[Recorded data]
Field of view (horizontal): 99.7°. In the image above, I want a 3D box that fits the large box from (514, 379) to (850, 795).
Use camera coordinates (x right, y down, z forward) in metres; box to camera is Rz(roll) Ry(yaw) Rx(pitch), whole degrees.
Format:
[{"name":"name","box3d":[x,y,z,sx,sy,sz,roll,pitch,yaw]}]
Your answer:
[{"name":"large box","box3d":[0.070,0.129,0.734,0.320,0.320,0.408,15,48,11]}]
* * *
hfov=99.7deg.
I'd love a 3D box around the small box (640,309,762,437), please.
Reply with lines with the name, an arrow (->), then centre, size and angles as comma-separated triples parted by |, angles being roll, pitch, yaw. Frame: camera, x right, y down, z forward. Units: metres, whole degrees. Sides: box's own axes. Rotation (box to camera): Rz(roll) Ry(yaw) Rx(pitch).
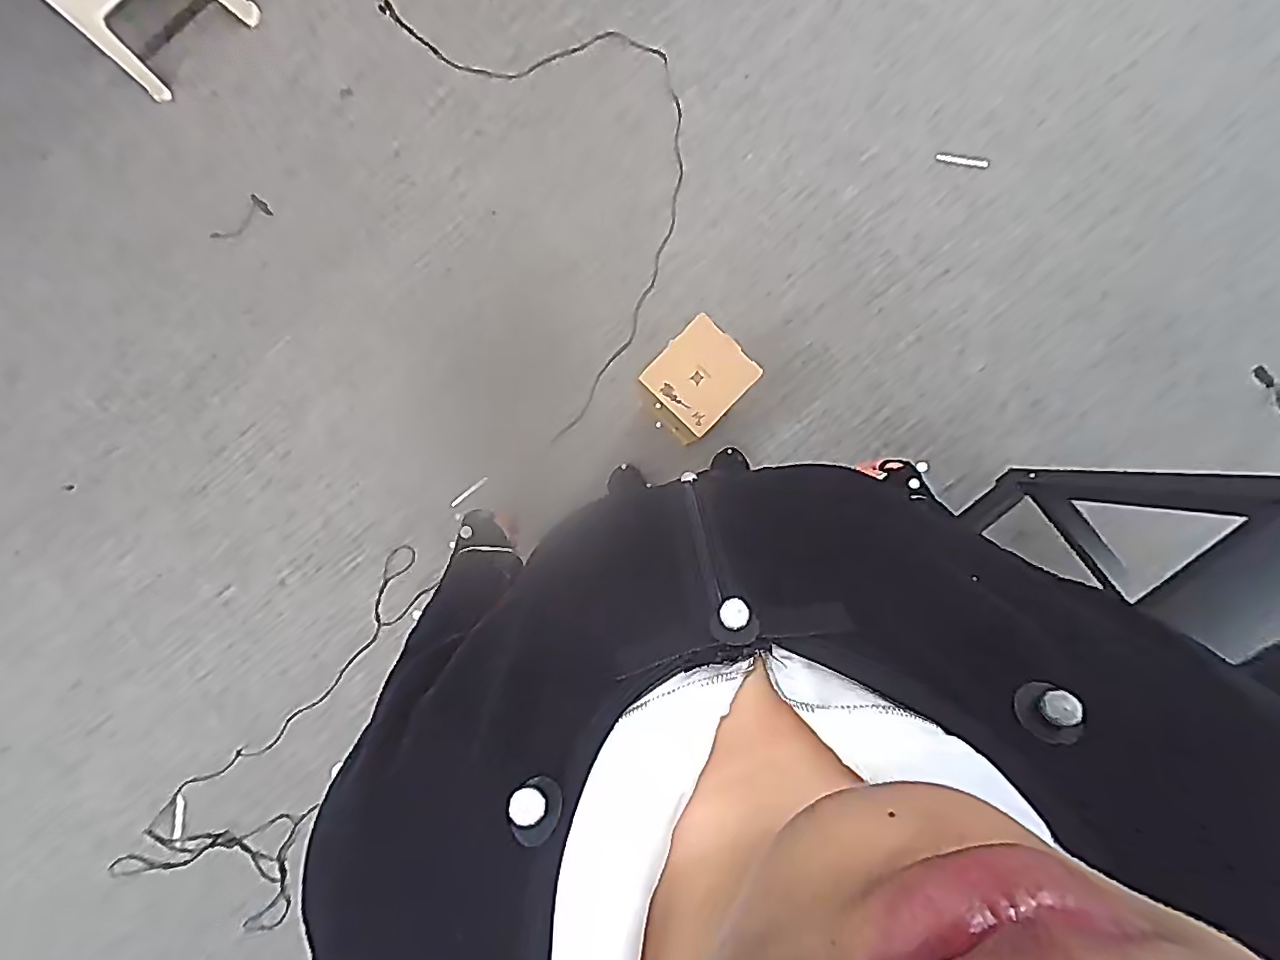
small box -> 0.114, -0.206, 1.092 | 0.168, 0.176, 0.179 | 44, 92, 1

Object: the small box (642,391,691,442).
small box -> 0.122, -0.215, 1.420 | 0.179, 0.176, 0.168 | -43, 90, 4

**Task to complete**
Give back, exactly as written, the stretch from the line with "hfov=99.7deg." through the line with "I'd love a 3D", and no other lines from the records above.

**Solution for this task**
hfov=99.7deg.
I'd love a 3D box around the small box (640,309,762,437), please.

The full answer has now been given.